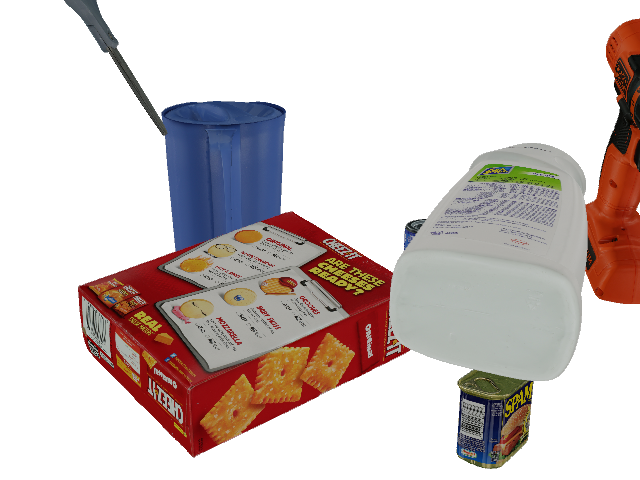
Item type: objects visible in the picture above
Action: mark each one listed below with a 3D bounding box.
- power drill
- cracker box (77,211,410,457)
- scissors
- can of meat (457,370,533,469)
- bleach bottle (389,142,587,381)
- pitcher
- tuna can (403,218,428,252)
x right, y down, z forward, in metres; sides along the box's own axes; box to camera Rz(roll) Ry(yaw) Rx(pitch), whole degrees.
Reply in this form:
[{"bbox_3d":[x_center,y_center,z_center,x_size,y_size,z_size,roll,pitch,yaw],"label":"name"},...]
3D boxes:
[{"bbox_3d":[0.239,-0.047,0.786,0.057,0.188,0.184,4,36,-1],"label":"power drill"},{"bbox_3d":[-0.057,0.064,0.843,0.213,0.072,0.164,-21,36,-34],"label":"cracker box"},{"bbox_3d":[-0.191,-0.189,0.937,0.016,0.201,0.096,-29,28,12],"label":"scissors"},{"bbox_3d":[0.183,0.180,1.116,0.058,0.084,0.101,12,19,32],"label":"can of meat"},{"bbox_3d":[0.123,-0.007,0.648,0.103,0.068,0.250,11,25,18],"label":"bleach bottle"},{"bbox_3d":[-0.104,-0.027,1.171,0.145,0.243,0.148,15,24,39],"label":"pitcher"},{"bbox_3d":[0.121,0.003,1.002,0.086,0.034,0.086,1,12,0],"label":"tuna can"}]
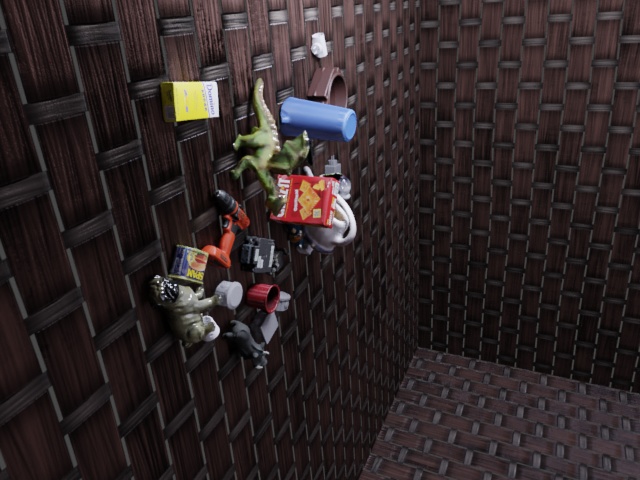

· · · ·

> **ABOUT THIS EXERCISE**:
Only a number should come back: the count of lines above that include "roll".

> **WORKED SOLUTION**:
2